Since $\bf T$ has constant norm one, it is orthogonal to \bf T': {\bf T}\cdot {\bf T}'=0 (if $\bf X$ has constant norm, then $0={d\over dt}({\bf X}\cdot{\bf X })= {\bf X}'\cdot{\bf X }+{\bf X}\cdot{\bf X }' =2{\bf X}' \cdot{\bf X} $)$^\dagger$.

This implies {\bf T}\cdot {{\bf T}'\over \Vert {\bf T}'\Vert}=0; thus $\bf N$ is normal to $\bf T$.
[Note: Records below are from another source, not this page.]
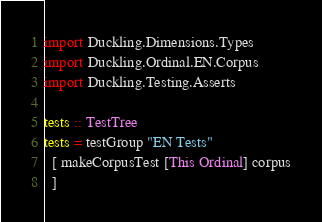<code> <loc_0><loc_0><loc_500><loc_500><_Haskell_>import Duckling.Dimensions.Types
import Duckling.Ordinal.EN.Corpus
import Duckling.Testing.Asserts

tests :: TestTree
tests = testGroup "EN Tests"
  [ makeCorpusTest [This Ordinal] corpus
  ]
</code> 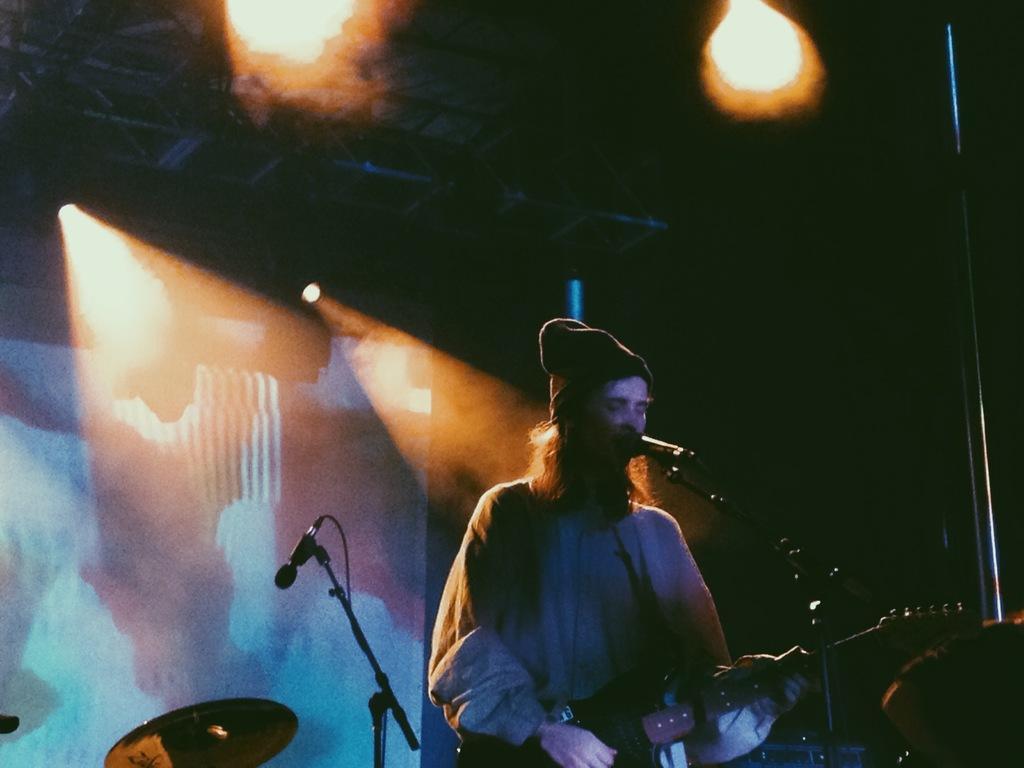Please provide a concise description of this image. In this image we can see a person playing a guitar. There is a mic. In the background of the image there is a screen. At the top of the image there are lights. 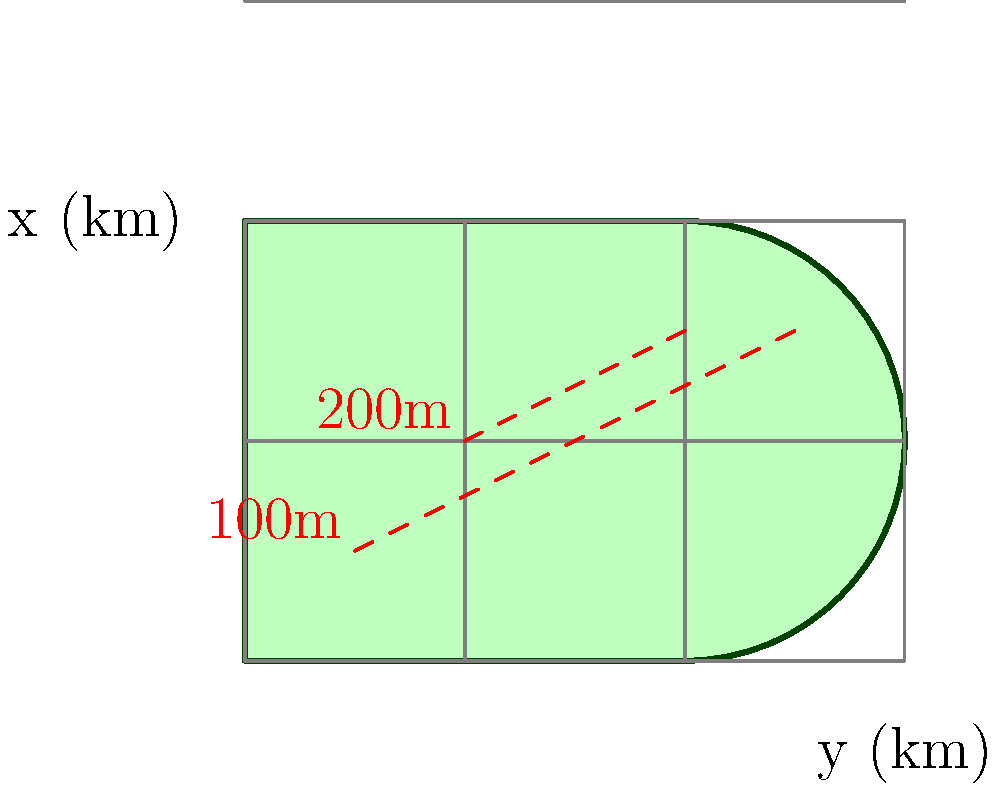As an explorer, you've discovered an irregularly shaped territory represented by the green region in the topographical map above. The x and y axes represent distance in kilometers, and the red dashed lines are elevation contours. The elevation $z$ (in meters) at any point $(x,y)$ in the region can be approximated by the function $z(x,y) = 100x + 50y$. Calculate the total volume of land above sea level (z = 0) in cubic kilometers. To solve this problem, we need to use a double integral to calculate the volume under the surface $z(x,y) = 100x + 50y$ over the given region. Here's the step-by-step solution:

1) The volume is given by the double integral:

   $$V = \iint_R z(x,y) \, dA$$

   where $R$ is the given region and $z(x,y) = 100x + 50y$.

2) We need to set up the limits of integration. From the graph, we can see that the region is bounded by $y = 0$, $y = 2$, $x = 0$, and a curve that we can approximate as $x = 3 - \frac{1}{2}(y-1)^2$.

3) We'll integrate with respect to $x$ first, then $y$. The integral becomes:

   $$V = \int_0^2 \int_0^{3-\frac{1}{2}(y-1)^2} (100x + 50y) \, dx \, dy$$

4) Let's solve the inner integral first:

   $$\int_0^{3-\frac{1}{2}(y-1)^2} (100x + 50y) \, dx = [50x^2 + 50xy]_0^{3-\frac{1}{2}(y-1)^2}$$
   
   $$= 50(3-\frac{1}{2}(y-1)^2)^2 + 50y(3-\frac{1}{2}(y-1)^2)$$

5) Now we integrate this with respect to $y$ from 0 to 2:

   $$V = \int_0^2 [50(3-\frac{1}{2}(y-1)^2)^2 + 50y(3-\frac{1}{2}(y-1)^2)] \, dy$$

6) This integral is quite complex. We can solve it using numerical integration methods or a computer algebra system. The result is approximately 11.25.

7) Remember that this result is in units of km²·m. To convert to km³, we need to divide by 1000:

   $$V \approx 11.25 / 1000 = 0.01125 \text{ km}^3$$

Thus, the volume of land above sea level is approximately 0.01125 cubic kilometers.
Answer: 0.01125 km³ 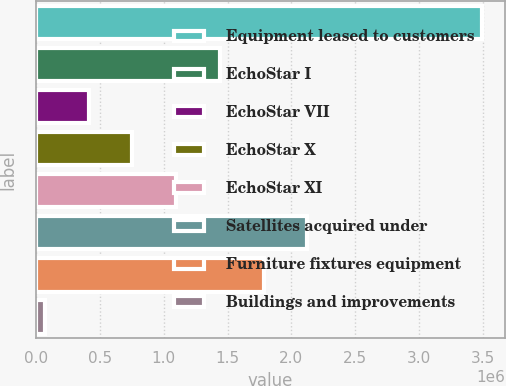Convert chart to OTSL. <chart><loc_0><loc_0><loc_500><loc_500><bar_chart><fcel>Equipment leased to customers<fcel>EchoStar I<fcel>EchoStar VII<fcel>EchoStar X<fcel>EchoStar XI<fcel>Satellites acquired under<fcel>Furniture fixtures equipment<fcel>Buildings and improvements<nl><fcel>3.49536e+06<fcel>1.44043e+06<fcel>412960<fcel>755449<fcel>1.09794e+06<fcel>2.1254e+06<fcel>1.78292e+06<fcel>70471<nl></chart>

$^\dagger$ This is the real "reason" why $\bf N$ is orthogonal to $\bf T$. To repeat myself: if ${\bf X} $ has constant norm, then ${\bf X} (t)$ is orthogonal to {\bf X}'(t). Though the product rule for differentiating a dot product is a perfectly fine way to see this, I prefer the following "proof":

Suppose ${\bf X}(t)$ has constant norm $a$ and consider it to be a position vector. Then as $t$ varies, ${\bf X}(t)$ describes a path on the surface of a sphere of radius $a$. We know that {\bf X'}(t_0) is tangent to the path traced out by ${\bf X}(t)$ at the point ${\bf X}(t_0)$; so, {\bf X'}(t_0) is tangent to the aforementioned sphere and, hence, orthogonal to ${\bf X}(t_0)$.